- What the task requires
Please transcribe the entries that follow exactly as they stand, skipping each picture.

————

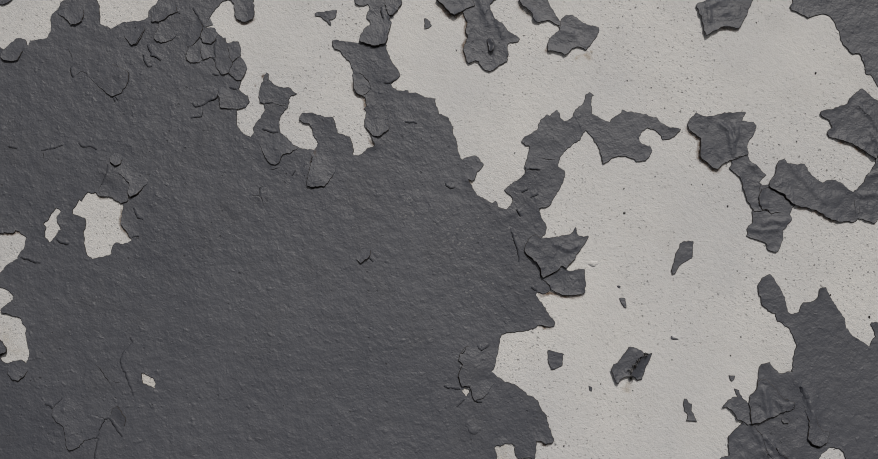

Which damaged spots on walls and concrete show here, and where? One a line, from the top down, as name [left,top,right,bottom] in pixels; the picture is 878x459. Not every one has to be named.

peeling [0,0,84,61]
peeling [0,231,26,272]
peeling [44,208,61,242]
peeling [73,153,148,259]
peeling [186,0,878,459]
peeling [0,288,29,381]
crack [45,337,136,459]
peeling [142,373,156,388]
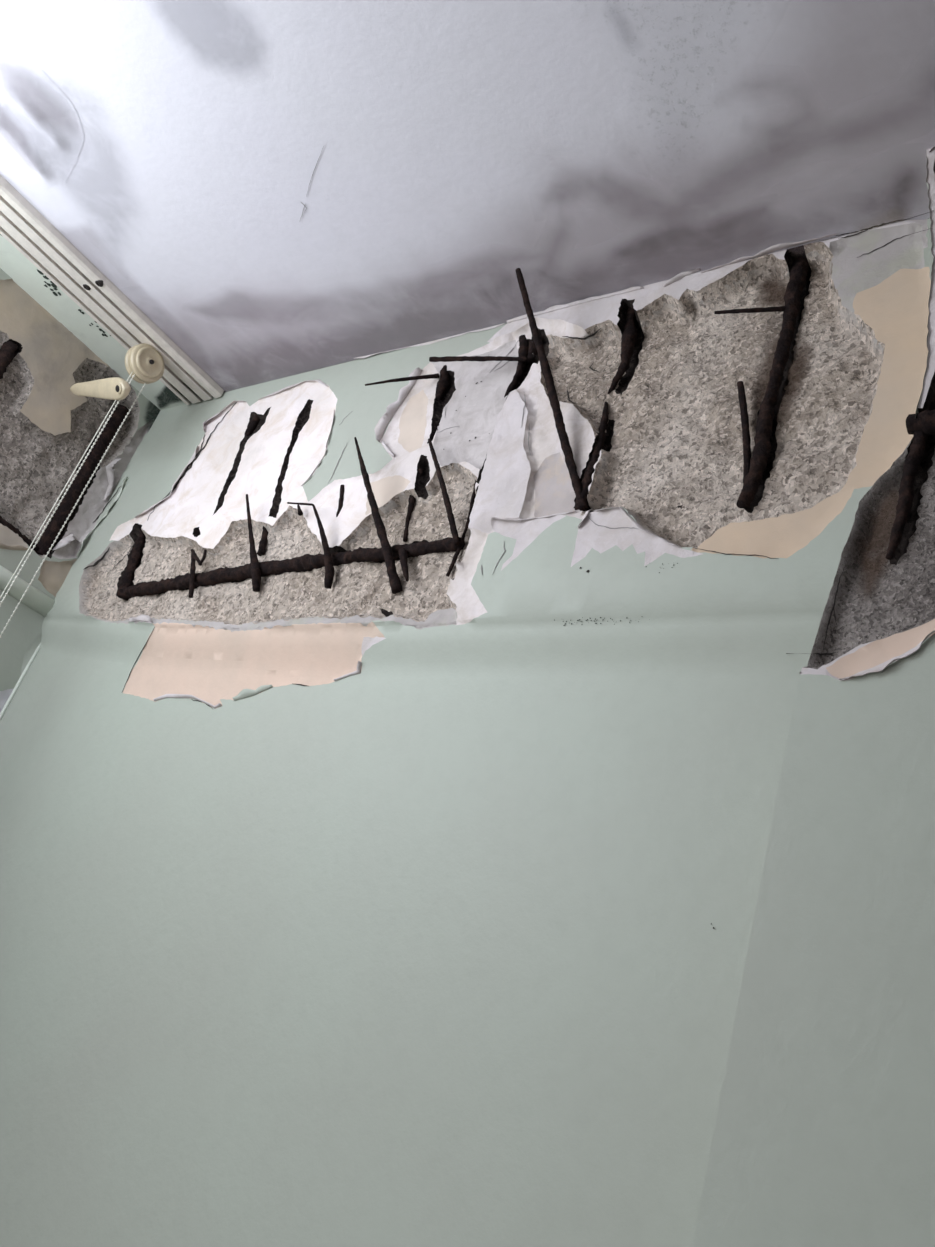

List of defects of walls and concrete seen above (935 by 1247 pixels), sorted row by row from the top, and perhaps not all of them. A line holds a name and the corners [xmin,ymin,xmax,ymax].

spalling [0,146,935,709]
rust [754,337,779,424]
rust [776,347,807,422]

————

- Your response
Which damaged spots on walls and concrete show here, and where? One a line, from the top down, as name [left,top,right,bottom] in pixels; the picture is 878x459. Not every one has to be named.

peeling [0,0,84,61]
peeling [0,231,26,272]
peeling [44,208,61,242]
peeling [73,153,148,259]
peeling [186,0,878,459]
peeling [0,288,29,381]
crack [45,337,136,459]
peeling [142,373,156,388]

List of defects of walls and concrete seen above (935 by 1247 pixels), sorted row by row from the top, and perhaps not all of them. A line holds a name and the corners [xmin,ymin,xmax,ymax].

spalling [0,146,935,709]
rust [754,337,779,424]
rust [776,347,807,422]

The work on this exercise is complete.